Born in Kandy, British Ceylon, on 5 April 1891, the son of Sir Nevil Macready, Gordon Macready was sent to England and was educated at Cheltenham College and later entered the Royal Military Academy, Woolwich and was commissioned as a second lieutenant into the Royal Engineers on 23 December 1910.

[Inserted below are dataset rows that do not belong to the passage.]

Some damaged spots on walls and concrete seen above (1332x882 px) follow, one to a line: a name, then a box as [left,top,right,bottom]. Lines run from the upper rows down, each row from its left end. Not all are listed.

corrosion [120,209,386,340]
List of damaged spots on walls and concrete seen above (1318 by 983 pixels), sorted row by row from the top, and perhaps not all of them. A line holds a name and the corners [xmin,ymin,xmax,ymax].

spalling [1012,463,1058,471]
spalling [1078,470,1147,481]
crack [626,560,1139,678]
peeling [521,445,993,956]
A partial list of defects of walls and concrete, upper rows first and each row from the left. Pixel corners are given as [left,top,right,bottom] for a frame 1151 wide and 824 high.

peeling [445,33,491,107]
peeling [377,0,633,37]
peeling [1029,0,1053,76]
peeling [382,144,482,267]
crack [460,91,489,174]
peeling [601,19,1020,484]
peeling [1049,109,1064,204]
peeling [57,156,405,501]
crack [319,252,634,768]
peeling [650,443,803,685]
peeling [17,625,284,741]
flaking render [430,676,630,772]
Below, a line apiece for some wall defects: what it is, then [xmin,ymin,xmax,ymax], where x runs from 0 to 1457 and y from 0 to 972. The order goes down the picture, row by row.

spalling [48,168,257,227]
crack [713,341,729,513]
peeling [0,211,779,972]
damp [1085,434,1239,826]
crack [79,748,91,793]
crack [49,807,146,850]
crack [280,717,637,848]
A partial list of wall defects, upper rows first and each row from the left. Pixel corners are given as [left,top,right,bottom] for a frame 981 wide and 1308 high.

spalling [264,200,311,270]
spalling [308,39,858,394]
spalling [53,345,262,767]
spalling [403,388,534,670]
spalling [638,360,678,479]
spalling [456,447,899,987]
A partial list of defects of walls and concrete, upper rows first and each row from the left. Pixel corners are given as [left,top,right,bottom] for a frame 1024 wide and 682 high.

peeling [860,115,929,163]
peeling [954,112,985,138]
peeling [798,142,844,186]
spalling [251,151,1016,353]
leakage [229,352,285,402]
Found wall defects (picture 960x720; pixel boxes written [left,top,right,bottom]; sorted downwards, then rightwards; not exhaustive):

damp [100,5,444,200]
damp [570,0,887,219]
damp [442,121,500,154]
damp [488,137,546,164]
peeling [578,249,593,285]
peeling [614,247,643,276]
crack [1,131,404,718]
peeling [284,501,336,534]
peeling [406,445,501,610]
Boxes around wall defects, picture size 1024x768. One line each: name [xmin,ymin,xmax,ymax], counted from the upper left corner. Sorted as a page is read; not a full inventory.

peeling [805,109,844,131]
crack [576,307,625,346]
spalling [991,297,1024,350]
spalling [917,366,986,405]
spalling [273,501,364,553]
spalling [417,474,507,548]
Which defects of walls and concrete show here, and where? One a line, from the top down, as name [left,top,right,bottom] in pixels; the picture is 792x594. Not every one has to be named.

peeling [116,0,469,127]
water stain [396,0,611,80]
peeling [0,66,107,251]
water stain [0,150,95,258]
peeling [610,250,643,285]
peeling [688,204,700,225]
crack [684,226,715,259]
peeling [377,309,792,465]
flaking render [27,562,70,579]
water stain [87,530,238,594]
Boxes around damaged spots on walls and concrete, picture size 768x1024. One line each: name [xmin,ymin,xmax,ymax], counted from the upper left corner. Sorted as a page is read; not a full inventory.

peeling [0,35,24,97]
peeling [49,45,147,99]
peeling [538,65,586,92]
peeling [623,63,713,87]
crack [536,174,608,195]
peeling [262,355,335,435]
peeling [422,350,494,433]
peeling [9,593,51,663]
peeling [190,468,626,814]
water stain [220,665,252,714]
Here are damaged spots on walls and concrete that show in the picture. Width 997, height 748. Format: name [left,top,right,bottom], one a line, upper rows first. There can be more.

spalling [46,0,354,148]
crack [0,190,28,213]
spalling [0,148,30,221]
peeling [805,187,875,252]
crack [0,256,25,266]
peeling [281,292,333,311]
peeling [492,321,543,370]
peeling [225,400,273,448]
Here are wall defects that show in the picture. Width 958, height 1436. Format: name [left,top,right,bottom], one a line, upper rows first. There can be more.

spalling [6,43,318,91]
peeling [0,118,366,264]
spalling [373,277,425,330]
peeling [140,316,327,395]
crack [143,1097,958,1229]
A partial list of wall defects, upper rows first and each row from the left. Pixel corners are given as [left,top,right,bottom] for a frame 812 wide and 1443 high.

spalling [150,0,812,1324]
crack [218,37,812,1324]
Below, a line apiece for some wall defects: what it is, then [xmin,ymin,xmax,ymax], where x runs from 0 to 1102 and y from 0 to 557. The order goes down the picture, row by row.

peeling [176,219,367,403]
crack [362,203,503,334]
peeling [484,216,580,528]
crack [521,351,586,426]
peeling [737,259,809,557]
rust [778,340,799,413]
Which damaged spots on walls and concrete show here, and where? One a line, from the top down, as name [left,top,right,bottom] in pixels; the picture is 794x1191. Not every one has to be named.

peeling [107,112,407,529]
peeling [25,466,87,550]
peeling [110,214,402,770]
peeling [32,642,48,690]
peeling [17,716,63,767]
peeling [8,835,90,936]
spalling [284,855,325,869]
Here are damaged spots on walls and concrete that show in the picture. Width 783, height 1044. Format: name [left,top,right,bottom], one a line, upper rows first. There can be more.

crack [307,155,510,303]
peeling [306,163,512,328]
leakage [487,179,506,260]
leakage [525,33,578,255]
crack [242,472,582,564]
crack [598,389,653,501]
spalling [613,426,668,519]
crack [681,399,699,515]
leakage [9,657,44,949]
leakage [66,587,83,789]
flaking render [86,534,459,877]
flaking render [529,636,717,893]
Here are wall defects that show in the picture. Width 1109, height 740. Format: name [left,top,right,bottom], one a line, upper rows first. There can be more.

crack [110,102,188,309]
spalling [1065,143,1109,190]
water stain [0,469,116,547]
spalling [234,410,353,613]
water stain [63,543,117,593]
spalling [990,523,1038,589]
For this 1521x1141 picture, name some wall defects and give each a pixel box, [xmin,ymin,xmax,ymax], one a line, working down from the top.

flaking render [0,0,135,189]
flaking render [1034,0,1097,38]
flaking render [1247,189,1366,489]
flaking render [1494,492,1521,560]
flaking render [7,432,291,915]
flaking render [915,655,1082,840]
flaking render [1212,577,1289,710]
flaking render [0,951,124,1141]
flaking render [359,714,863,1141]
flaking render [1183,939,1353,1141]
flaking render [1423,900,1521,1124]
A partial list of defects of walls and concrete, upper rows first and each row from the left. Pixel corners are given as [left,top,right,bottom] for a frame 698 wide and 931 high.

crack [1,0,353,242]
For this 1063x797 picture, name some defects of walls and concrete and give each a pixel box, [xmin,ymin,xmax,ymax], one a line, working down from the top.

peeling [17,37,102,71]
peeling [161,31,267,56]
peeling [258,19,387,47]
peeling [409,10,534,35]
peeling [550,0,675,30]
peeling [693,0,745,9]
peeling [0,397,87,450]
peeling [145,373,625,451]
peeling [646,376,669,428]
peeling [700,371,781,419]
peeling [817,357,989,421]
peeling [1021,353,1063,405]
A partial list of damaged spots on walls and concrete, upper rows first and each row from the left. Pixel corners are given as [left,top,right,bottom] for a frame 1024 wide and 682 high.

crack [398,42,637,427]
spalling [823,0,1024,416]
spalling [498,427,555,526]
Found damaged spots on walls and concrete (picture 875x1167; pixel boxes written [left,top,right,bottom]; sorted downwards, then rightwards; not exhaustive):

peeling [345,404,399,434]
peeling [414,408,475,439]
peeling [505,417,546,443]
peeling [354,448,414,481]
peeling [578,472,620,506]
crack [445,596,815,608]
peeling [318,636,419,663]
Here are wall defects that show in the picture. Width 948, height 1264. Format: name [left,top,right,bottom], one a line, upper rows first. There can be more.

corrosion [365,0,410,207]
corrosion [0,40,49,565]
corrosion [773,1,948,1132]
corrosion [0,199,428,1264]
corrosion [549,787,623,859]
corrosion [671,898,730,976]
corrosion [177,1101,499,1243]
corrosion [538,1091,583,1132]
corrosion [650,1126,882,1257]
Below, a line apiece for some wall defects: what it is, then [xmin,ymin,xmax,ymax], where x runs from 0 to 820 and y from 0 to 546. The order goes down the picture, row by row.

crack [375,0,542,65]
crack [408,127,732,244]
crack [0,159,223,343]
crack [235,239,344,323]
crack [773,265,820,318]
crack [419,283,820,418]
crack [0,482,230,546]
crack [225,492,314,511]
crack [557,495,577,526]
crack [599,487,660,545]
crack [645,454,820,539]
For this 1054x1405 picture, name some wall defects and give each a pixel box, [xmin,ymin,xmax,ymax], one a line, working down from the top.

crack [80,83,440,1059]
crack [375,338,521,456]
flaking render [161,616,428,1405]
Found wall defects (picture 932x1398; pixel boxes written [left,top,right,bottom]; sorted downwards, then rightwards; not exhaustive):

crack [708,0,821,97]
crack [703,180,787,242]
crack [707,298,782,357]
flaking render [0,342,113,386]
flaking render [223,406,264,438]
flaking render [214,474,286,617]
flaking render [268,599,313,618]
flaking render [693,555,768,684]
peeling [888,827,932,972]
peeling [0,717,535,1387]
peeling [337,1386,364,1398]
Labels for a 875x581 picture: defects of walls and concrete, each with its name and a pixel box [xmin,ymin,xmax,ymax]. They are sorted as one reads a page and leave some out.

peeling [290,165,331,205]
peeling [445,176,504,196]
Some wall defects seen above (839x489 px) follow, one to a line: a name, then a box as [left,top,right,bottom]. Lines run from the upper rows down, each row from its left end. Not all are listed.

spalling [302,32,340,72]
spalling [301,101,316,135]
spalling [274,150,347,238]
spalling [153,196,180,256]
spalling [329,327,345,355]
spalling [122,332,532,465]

Promoted to lieutenant on 21 December 1912, Macready served on the Western Front during the First World War becoming an aide-de-camp in November 1914 and later an assistant adjutant and quartermaster general for the 66th (2nd East Lancashire) Division in 1917. He was promoted to captain on 23 December 1916, and brevet major on 3 June 1917. After the war, from April 1919, he became Assistant Adjutant General for the British Military Mission to Berlin.

Attending the Staff College, Camberley, from 1923 to 1924, he was appointed Assistant Secretary to the Committee of Imperial Defence in 1926, which was followed by attendance at the Imperial Defence College in 1933. He was promoted to colonel in April 1934, with seniority backdated to the previous July, and made a GSO1 at the War Office. He was deputy director of staff duties at the War Office in 1936 and head of the British military mission to Egypt in 1938.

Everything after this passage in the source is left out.